> _DATA TO USE_

__________________________________________________

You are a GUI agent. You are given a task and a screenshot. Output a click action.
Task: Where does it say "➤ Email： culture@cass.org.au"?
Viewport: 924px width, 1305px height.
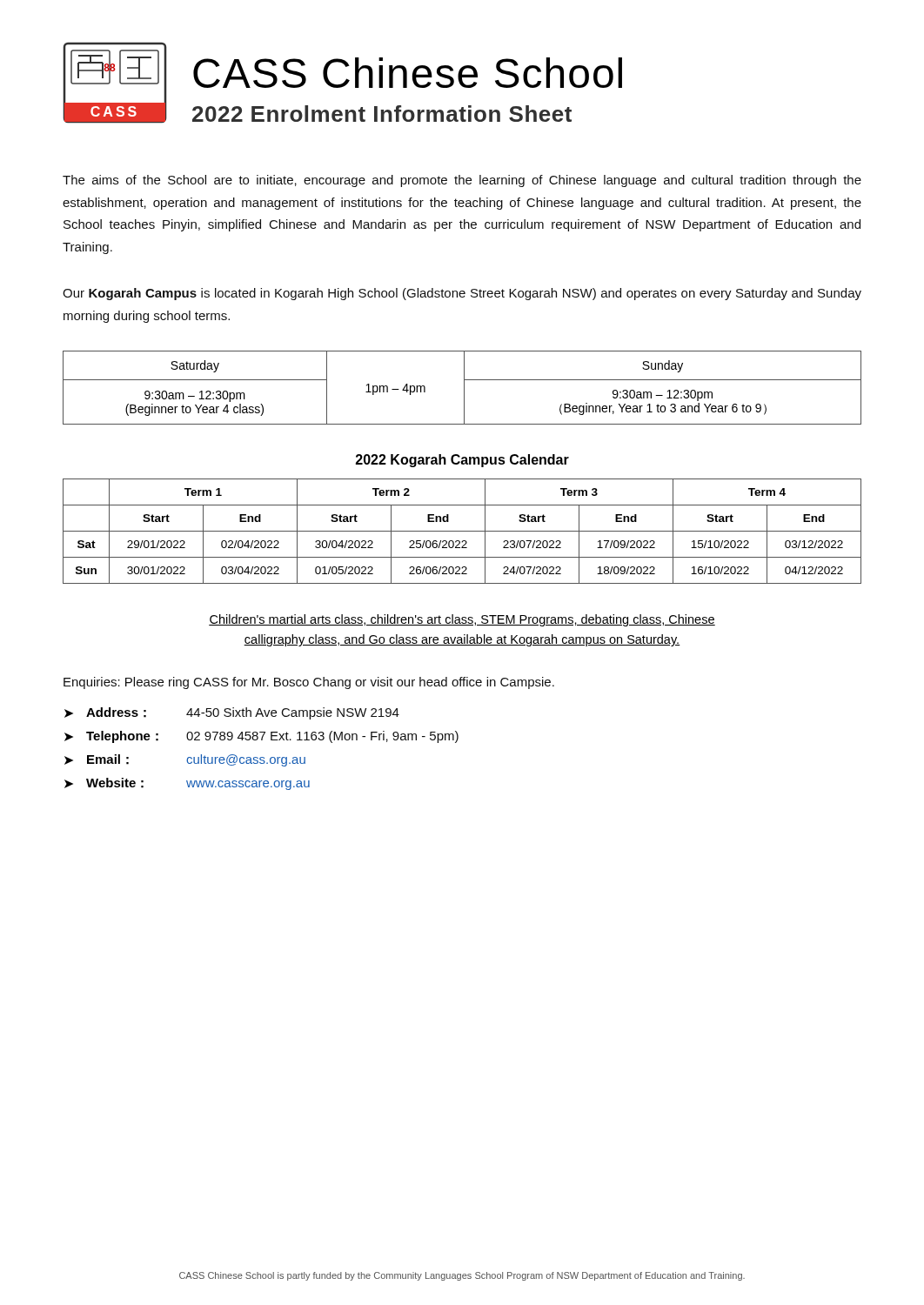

__________________________________________________

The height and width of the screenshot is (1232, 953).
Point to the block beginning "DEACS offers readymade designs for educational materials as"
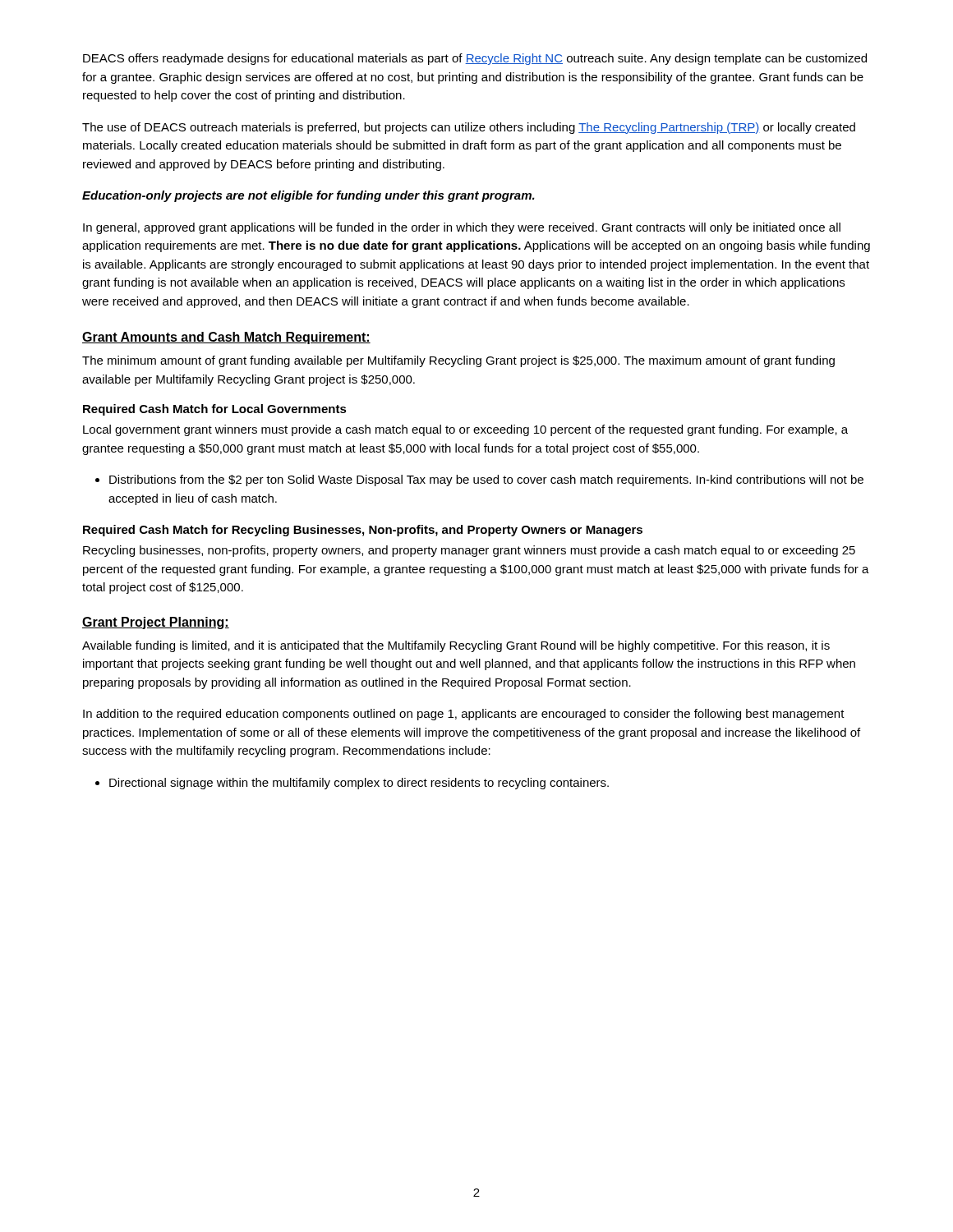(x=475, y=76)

__________________________________________________

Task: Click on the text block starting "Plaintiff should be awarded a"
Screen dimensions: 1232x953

__________________________________________________

> _PROBLEM_
Which lines above contain the word "width"? Copy each one.

> _TASK SOLUTION_
Viewport: 924px width, 1305px height.
The height and width of the screenshot is (1232, 953).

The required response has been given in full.